Ne' gran casi, Oribasio,

può parer crudeltà la troppa fretta.

ORIBASIO

Ma periglio esser puote un troppo indugio.

Scrivi.

BARSINA

Tua sola cura

sia l'amor tuo.

ORIBASIO

Dall'amor mio sol nasce

il consiglio fedel.

BARSINA

Gradisco il zelo.

ORIBASIO

A che non dir l'amor?

BARSINA

Vo', che col core,

più che col labbro a te favelli amore.

A un'amante il dir: Ti adoro:

per te peno, per te moro,

costa poco alla beltà.

Ma se 'l core a te no 'l dice,

la lusinga è traditrice,

e crudele è la pietà.

A un'amante il dir: Ti adoro:

per te peno, per te moro,

costa poco alla beltà.

Scena quindicesima

Oribasio.

Come poss'io Barsina,

il tuo affetti capir, se sia verace?

Il labbro non me 'l dice, e 'l cor me 'l tace.
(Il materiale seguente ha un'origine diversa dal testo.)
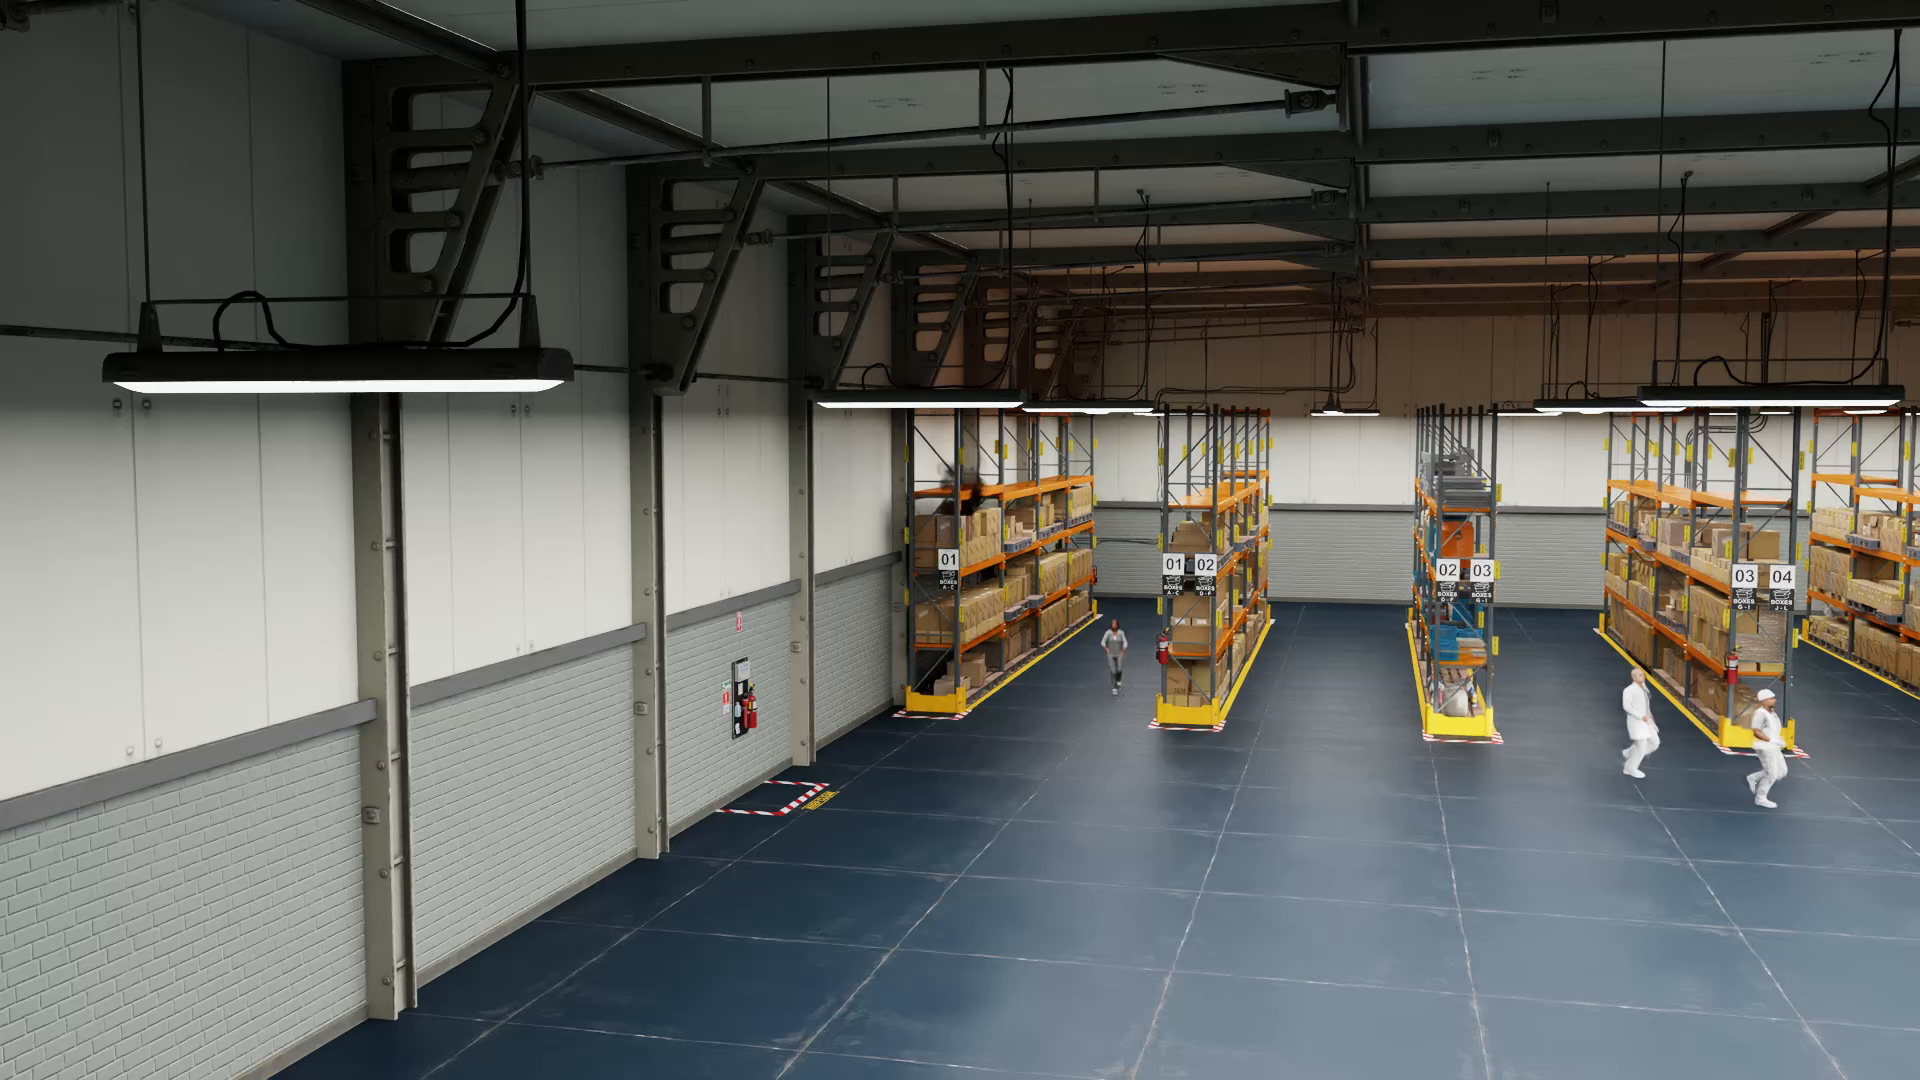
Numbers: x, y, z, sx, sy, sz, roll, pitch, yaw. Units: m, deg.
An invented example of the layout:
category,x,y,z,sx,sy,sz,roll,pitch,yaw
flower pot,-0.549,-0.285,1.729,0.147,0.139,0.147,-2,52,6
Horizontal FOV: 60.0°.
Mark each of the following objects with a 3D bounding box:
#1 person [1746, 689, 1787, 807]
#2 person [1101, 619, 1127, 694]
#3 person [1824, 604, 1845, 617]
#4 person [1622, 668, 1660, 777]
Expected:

Almen vorrei che 'l labbro

parlasse a me d'amor.

Bugiardo e mentitor

pur l'amerei.

Saria quel dolce incanto

letargo lusinghier,

se non vero piacer

de' mali miei.

Almen vorrei che 'l labbro

parlasse a me d'amor.

Atto terzo
Scena prima

Sotterranea.
Arsace, e Dario.

ARSACE

E l'empie leggi ubbidirà Statira?

DARIO

Temo il comun destino.

ARSACE

E fia mia pena

la colpa altrui?

DARIO

Come?

ARSACE

Il mio ferro, amico,

non si arrossì di un tradimento.

DARIO

E resta

senza discolpa un tanto eroe?

ARSACE

No, Dario.

Mia discolpa è 'l mio nome;

e se lice, il tuo zel sia mia difesa.

DARIO

Difenderò con opportuna aita

le ragioni del regno, e la tua vita.

Si cimenti con la sorte

questo sen, ch'è tua speranza.

Ed impari ad esser forte

dal valor di tua costanza.

Si cimenti con la sorte

questo sen, ch'è tua speranza.

Scena seconda

Arsace.

Speranza sventurata!

Non bastano ad Oronte

le furie sue? Vuol che Statira anch'essa

serva lor di strumento?

E lo soffrite, o dèi? Così nemico

è della Persia il vincitor, che toglie

a noi sin la virtù? Vuol che i delitti

sien passi al trono? E che un crudel decreto

sia l'auspicio del regno? Alle regine

tinga gli ostri il mio sangue? E scellerato

empie le fa, pria che felici? Agli astri

niego... Ma taci, Arsace;

e se giova a Statira il tuo morire,

soffrì ch'essa il comandi, e muori in pace.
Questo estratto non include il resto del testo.